Task goal
Report how many lines in the records below contain the word "metallic". Nothing else belongs in the answer.

Working data
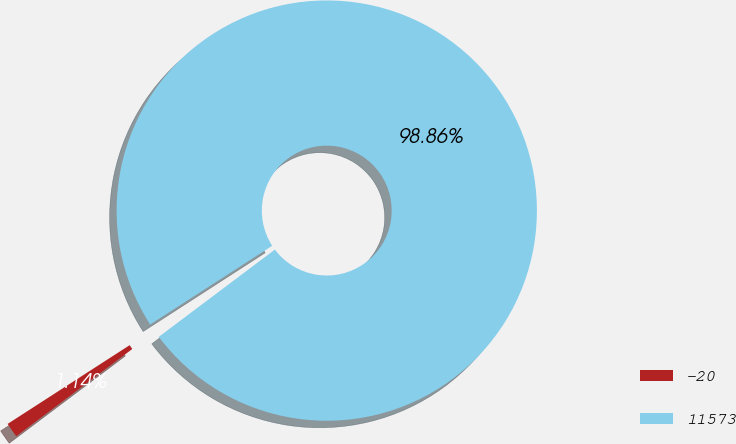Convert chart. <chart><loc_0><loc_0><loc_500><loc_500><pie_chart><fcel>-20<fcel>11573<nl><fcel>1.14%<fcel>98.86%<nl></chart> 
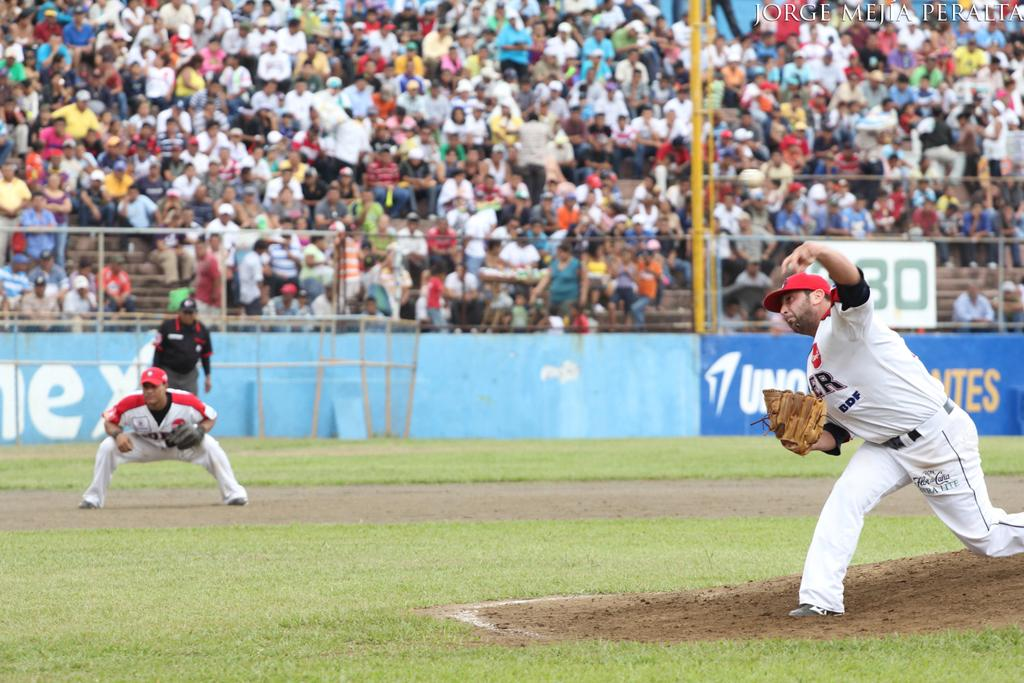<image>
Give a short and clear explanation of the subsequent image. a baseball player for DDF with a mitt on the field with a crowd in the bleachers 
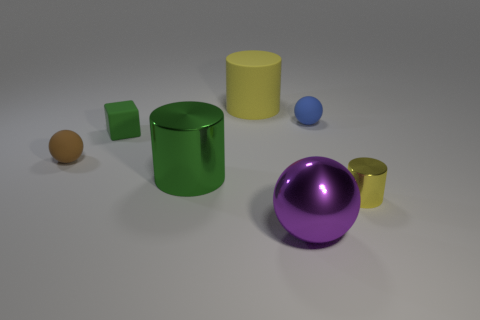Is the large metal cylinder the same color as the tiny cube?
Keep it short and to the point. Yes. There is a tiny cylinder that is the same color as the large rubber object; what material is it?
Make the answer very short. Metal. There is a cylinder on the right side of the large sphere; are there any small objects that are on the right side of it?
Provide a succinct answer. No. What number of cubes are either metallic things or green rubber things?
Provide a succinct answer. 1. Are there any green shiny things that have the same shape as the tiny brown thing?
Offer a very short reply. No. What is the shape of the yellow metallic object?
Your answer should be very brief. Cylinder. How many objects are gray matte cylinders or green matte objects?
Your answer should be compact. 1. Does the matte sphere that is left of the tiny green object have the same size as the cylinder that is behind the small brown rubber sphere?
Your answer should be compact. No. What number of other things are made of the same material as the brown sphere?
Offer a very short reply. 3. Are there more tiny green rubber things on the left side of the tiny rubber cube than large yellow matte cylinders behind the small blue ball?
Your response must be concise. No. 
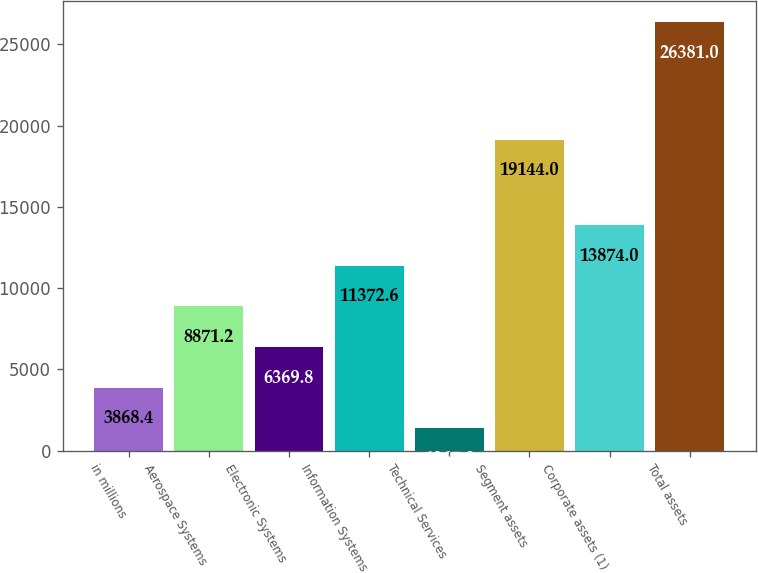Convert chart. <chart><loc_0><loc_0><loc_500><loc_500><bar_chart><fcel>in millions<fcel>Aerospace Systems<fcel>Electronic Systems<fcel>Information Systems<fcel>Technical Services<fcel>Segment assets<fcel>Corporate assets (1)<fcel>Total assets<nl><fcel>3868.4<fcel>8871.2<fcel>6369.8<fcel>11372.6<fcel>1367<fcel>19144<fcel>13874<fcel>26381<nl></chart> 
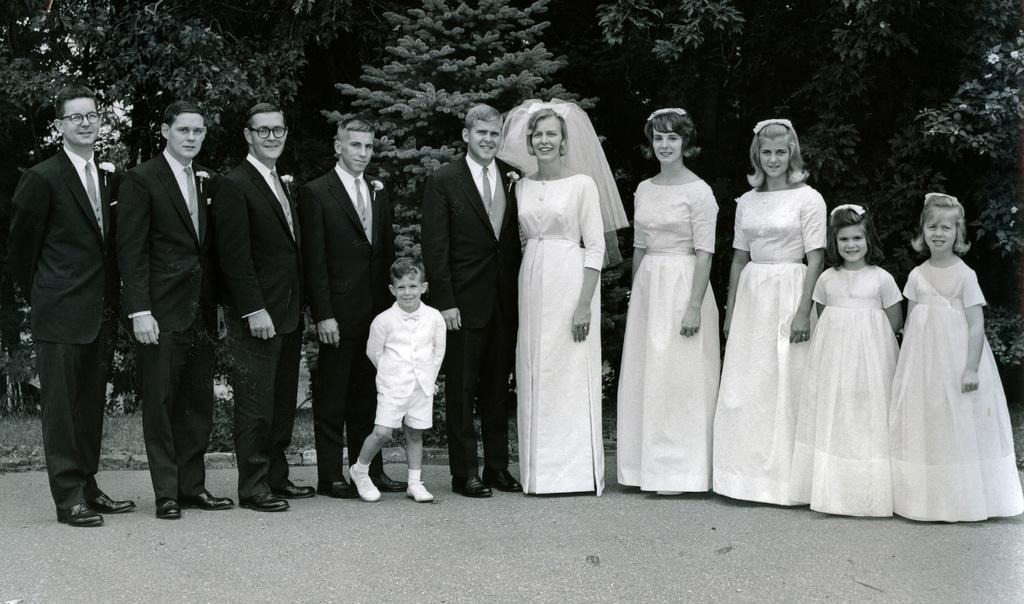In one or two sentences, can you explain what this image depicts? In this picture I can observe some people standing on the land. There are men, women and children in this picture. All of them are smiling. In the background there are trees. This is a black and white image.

---

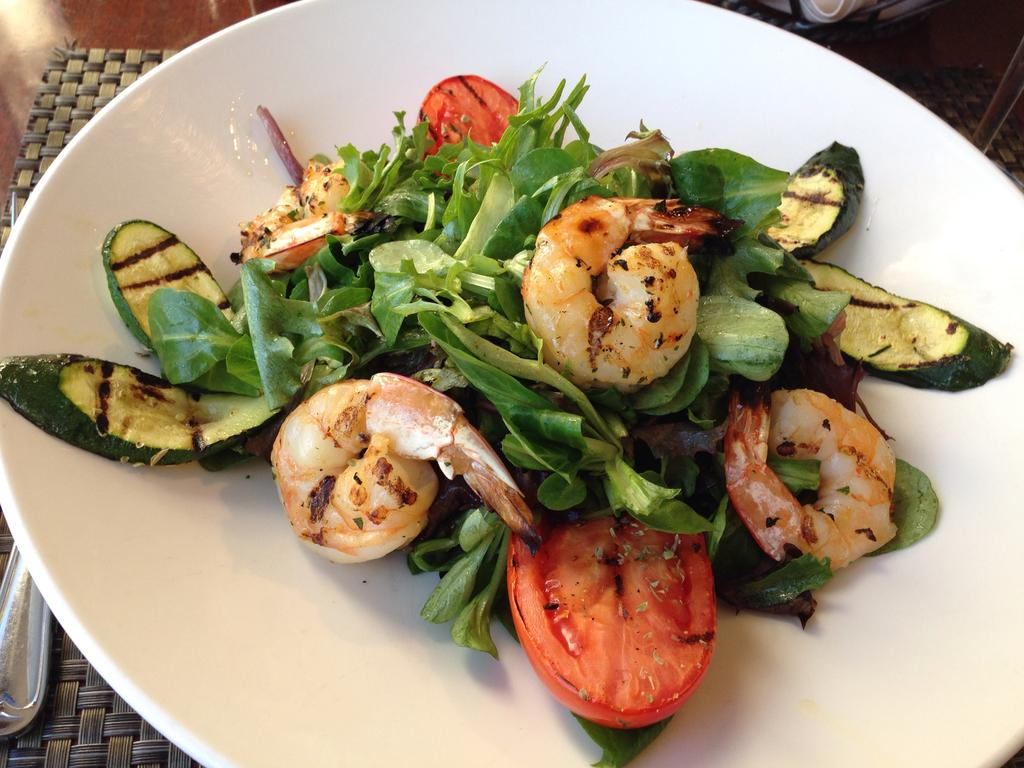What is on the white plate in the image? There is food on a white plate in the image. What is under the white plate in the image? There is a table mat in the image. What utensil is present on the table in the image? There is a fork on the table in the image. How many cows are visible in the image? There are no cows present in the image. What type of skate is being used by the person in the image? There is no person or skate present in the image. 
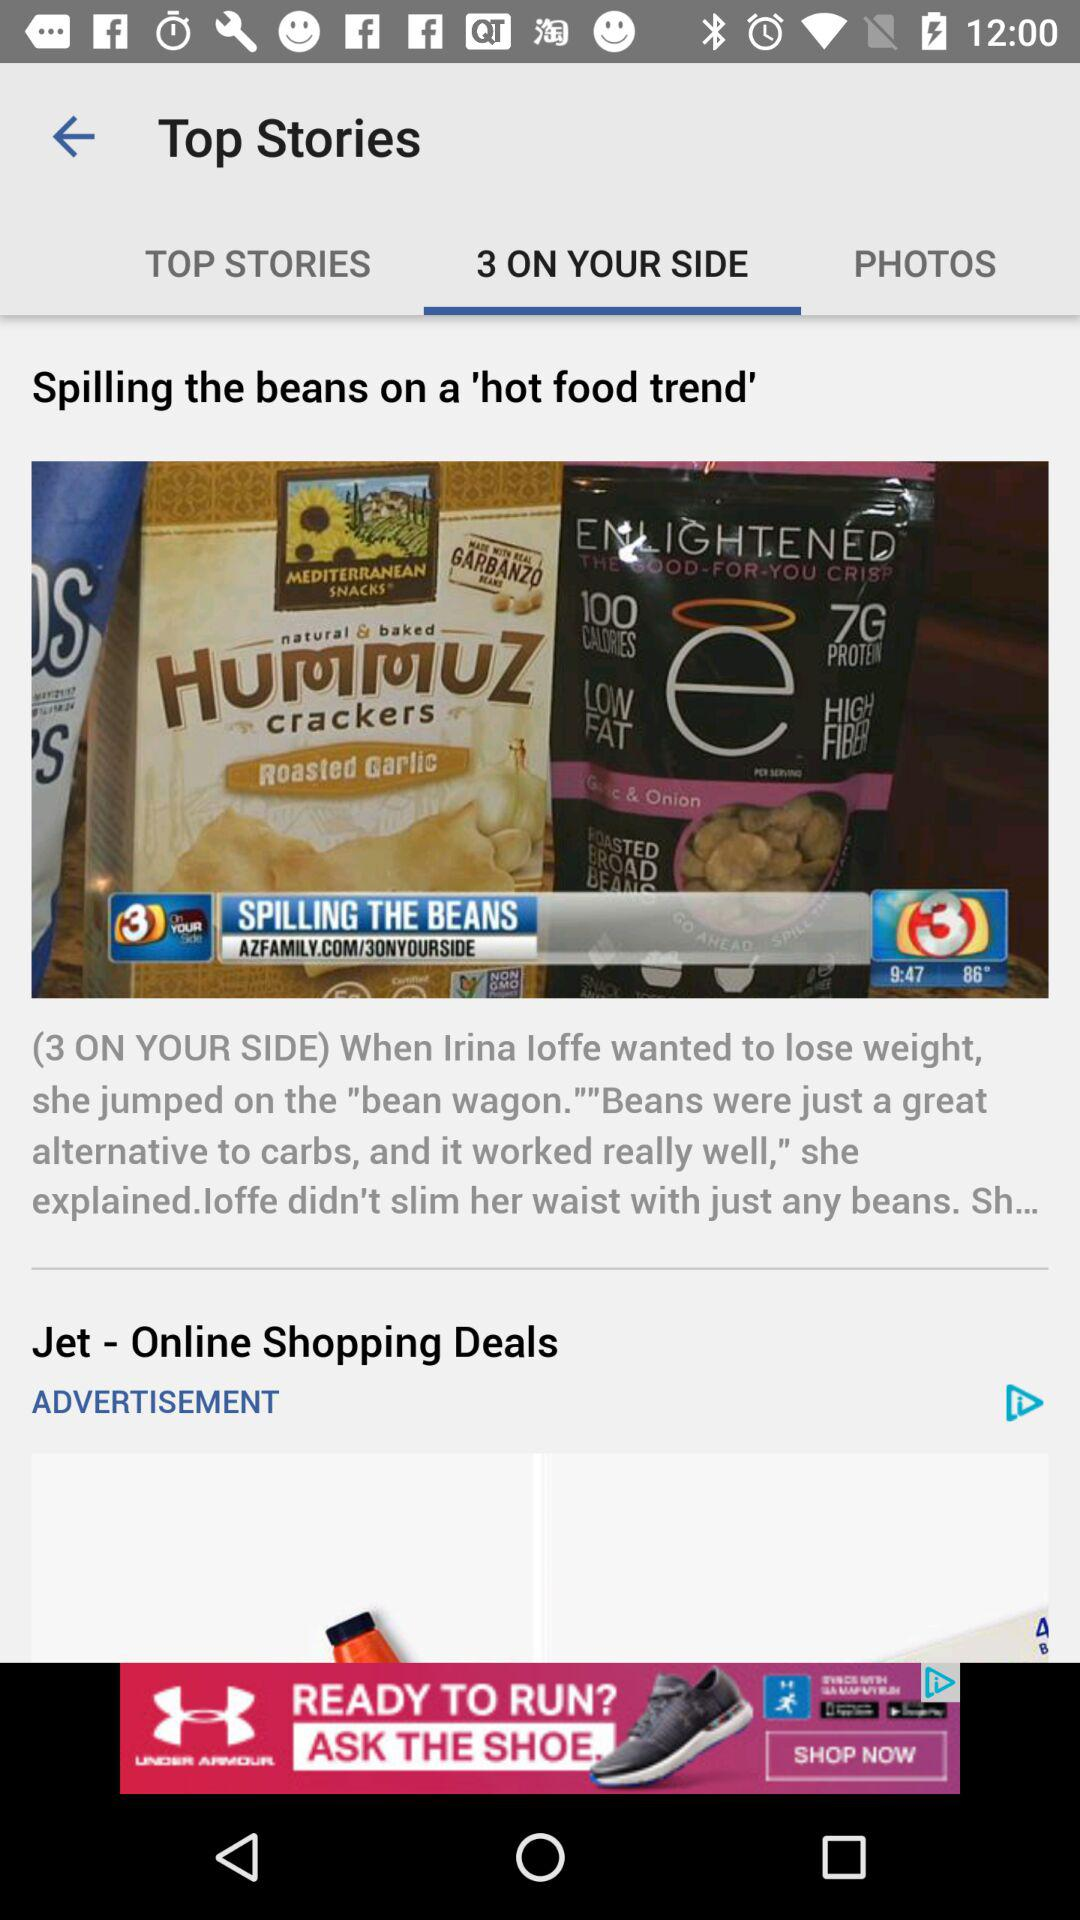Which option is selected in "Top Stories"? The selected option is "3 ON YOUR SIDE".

Response area
2